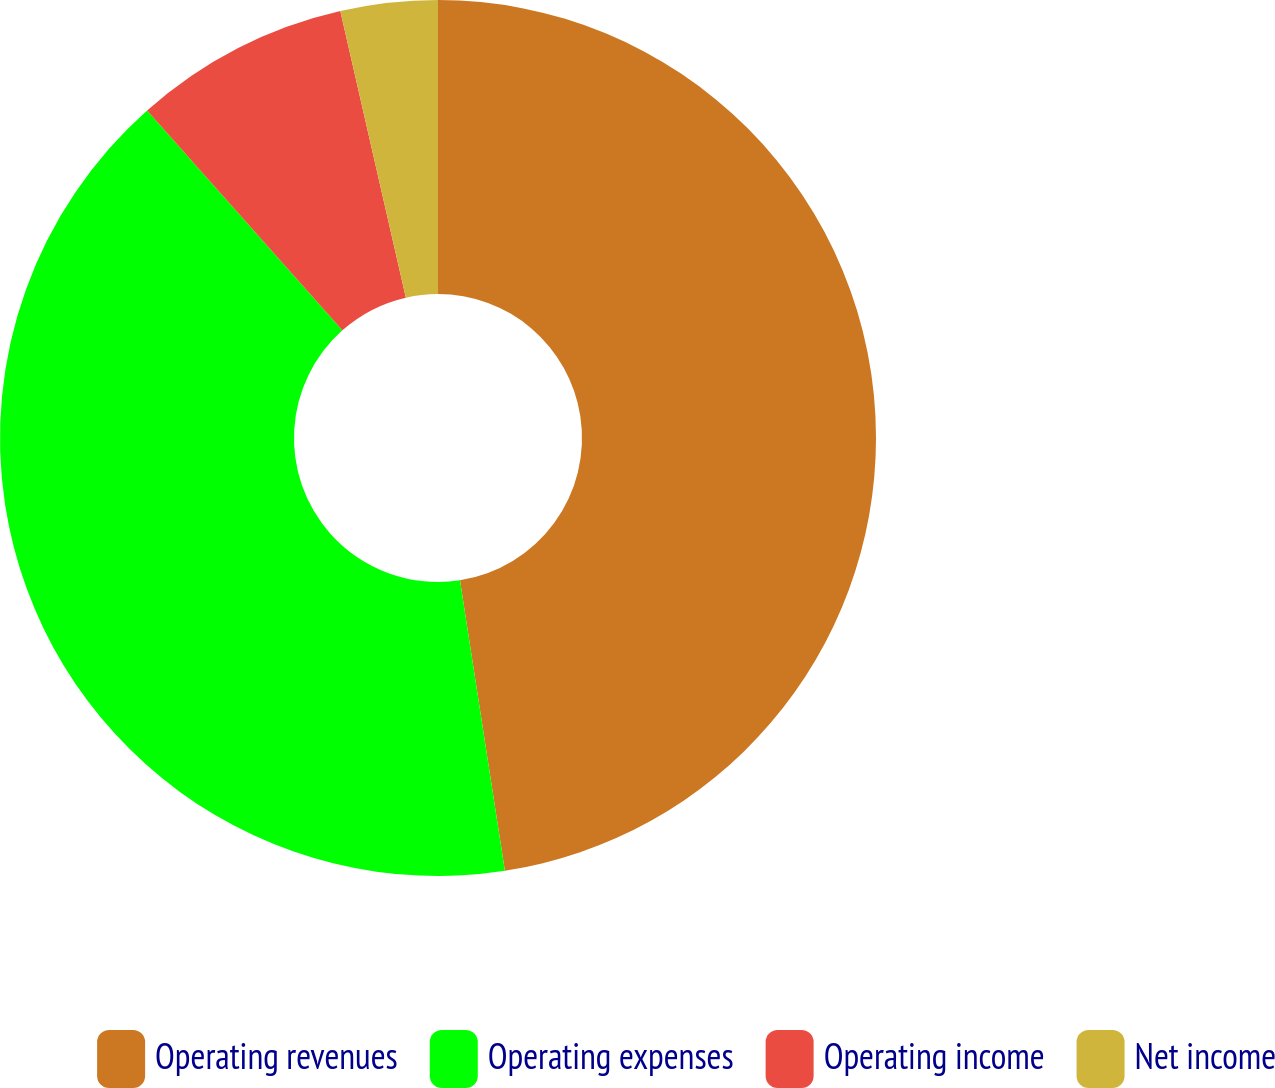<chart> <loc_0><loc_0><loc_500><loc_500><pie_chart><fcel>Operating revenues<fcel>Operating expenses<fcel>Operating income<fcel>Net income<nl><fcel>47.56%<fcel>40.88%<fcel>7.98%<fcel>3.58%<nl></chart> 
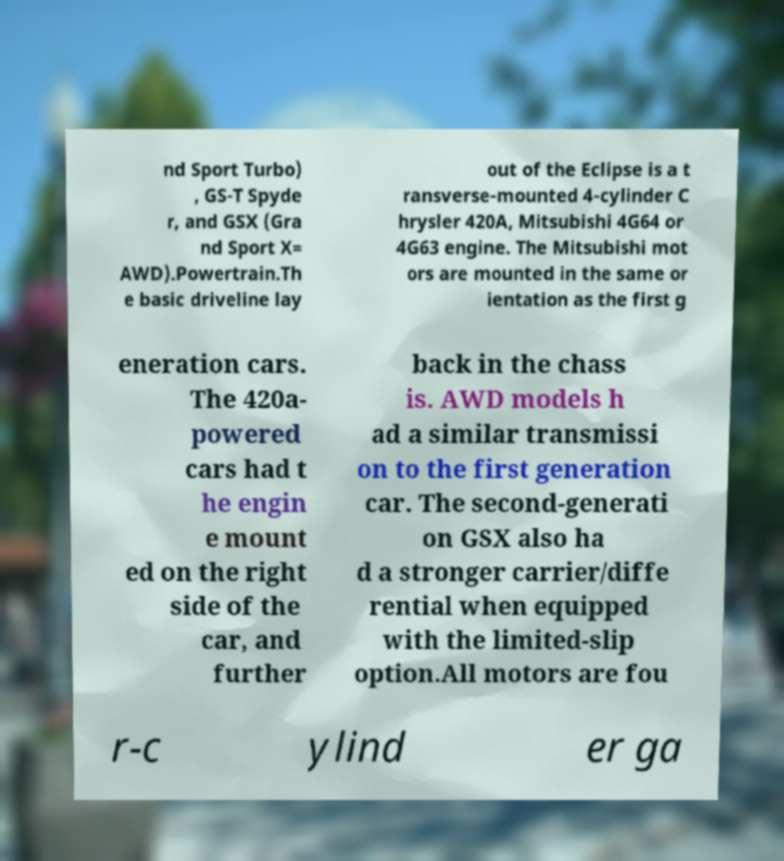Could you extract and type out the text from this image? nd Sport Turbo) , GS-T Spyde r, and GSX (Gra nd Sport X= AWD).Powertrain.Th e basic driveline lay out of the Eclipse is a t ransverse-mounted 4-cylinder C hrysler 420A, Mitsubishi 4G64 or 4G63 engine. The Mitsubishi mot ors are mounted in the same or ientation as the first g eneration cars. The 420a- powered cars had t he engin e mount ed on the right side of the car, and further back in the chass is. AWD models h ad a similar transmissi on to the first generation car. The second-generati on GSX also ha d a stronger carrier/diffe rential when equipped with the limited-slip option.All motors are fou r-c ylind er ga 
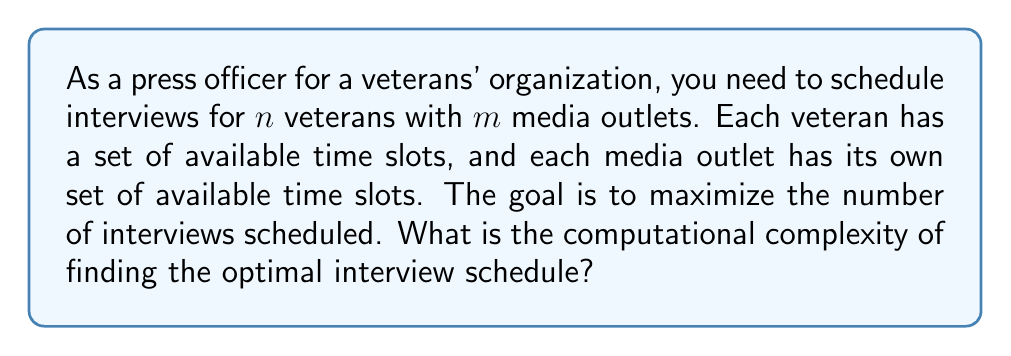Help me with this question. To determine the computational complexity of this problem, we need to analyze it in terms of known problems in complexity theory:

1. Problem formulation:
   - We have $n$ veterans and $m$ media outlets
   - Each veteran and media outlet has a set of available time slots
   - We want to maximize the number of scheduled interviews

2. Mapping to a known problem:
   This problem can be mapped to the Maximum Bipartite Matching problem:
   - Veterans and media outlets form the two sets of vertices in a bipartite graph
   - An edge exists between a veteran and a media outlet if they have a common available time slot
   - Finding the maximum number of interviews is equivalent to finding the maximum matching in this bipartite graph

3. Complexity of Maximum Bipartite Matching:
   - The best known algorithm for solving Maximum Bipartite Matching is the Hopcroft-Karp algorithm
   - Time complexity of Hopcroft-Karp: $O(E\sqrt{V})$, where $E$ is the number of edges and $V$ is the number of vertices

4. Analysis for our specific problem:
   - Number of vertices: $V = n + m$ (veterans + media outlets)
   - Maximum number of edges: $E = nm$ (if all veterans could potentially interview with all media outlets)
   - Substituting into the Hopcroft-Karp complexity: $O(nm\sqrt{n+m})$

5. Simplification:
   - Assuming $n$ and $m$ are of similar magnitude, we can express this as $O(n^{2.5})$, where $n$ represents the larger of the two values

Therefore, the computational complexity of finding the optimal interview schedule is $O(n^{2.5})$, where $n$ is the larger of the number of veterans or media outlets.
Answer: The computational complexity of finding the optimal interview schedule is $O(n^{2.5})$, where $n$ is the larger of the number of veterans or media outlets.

▬▬▬▬▬▬▬▬▬▬

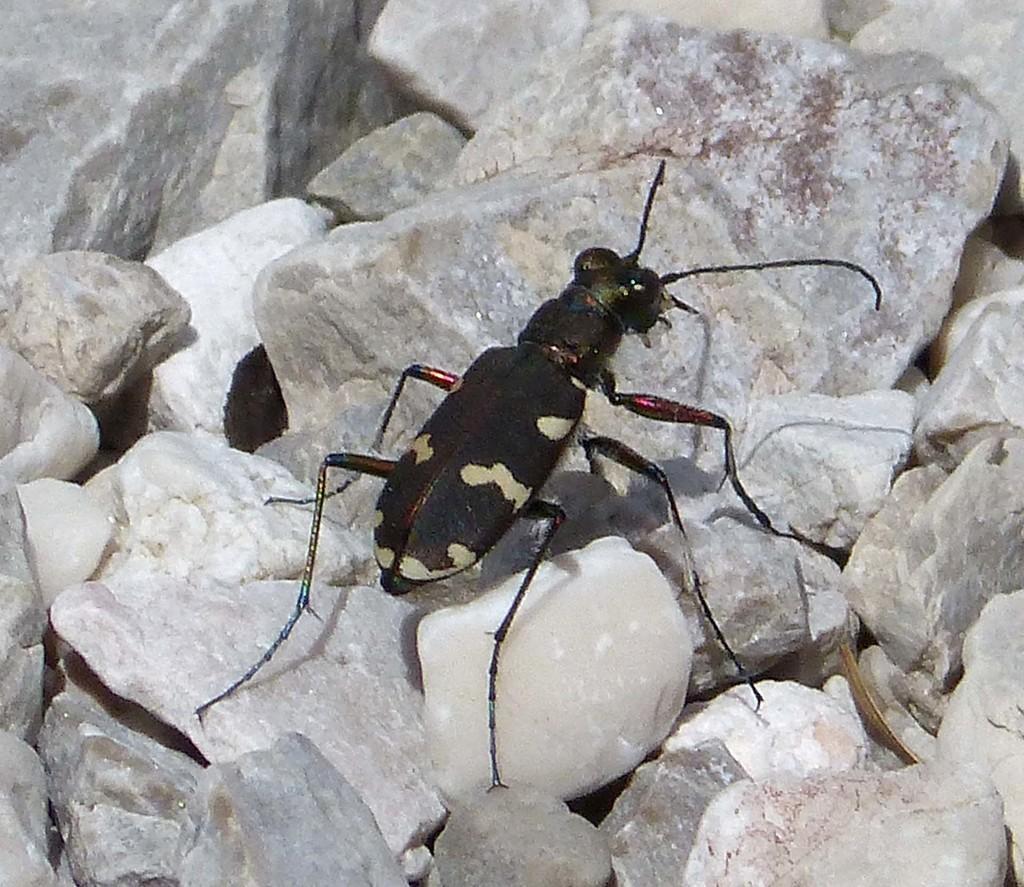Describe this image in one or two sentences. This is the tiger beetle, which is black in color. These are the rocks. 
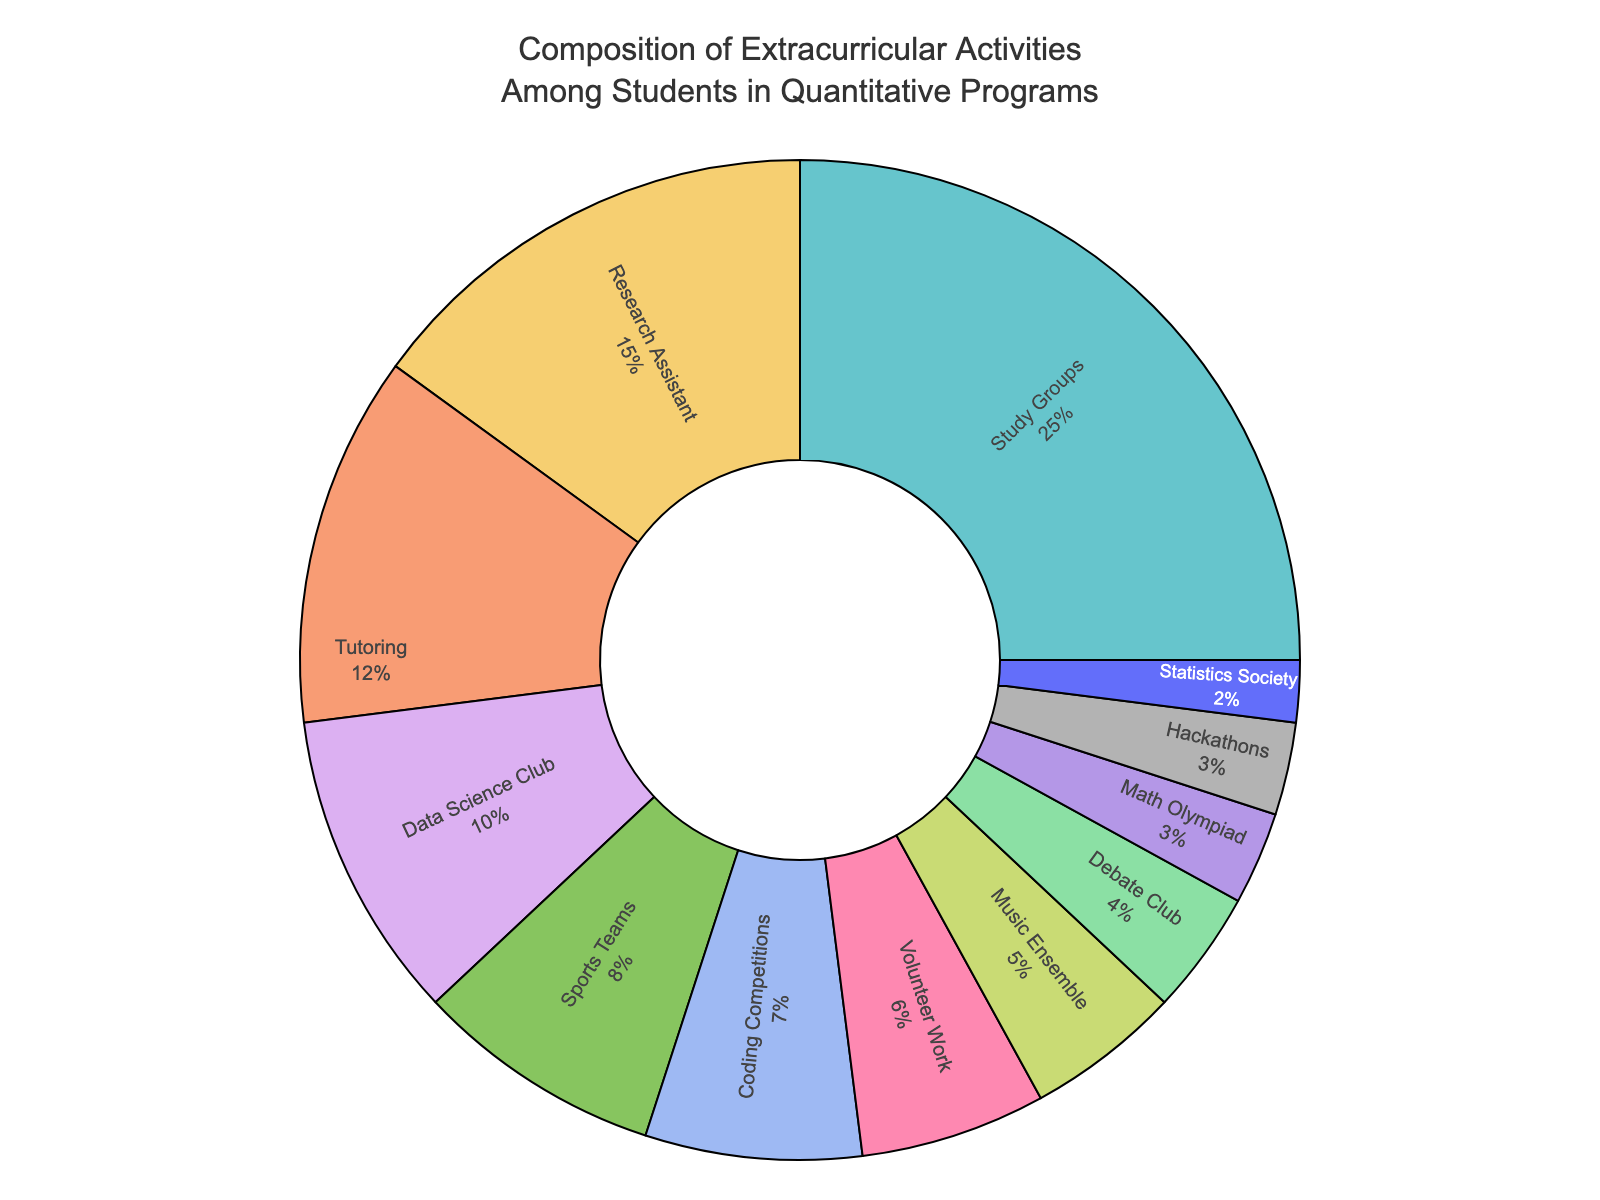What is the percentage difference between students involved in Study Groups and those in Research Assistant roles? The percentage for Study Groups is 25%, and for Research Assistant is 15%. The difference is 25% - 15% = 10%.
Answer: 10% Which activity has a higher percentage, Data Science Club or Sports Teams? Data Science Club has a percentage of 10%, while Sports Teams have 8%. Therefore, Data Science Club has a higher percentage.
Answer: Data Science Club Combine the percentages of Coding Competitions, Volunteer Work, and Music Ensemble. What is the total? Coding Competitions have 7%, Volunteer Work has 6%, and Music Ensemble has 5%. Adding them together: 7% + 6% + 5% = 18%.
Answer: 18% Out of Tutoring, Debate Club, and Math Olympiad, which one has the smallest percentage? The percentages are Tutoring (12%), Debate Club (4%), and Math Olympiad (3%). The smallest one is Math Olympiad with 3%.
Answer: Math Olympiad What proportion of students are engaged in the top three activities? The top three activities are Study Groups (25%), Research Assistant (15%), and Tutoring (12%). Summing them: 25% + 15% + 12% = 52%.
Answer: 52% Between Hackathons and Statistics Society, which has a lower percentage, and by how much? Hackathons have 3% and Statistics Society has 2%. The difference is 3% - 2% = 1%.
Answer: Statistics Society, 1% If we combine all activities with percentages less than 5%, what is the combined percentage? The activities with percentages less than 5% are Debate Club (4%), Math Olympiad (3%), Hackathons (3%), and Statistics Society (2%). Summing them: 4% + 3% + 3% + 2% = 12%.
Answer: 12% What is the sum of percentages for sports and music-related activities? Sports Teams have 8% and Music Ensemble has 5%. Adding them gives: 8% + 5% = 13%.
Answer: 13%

▬▬▬▬▬▬▬▬▬▬

• _WHAT YOU WILL DO_: Answer only with how many lines in the records include "outlets".

• _ANSWER BOX_: 6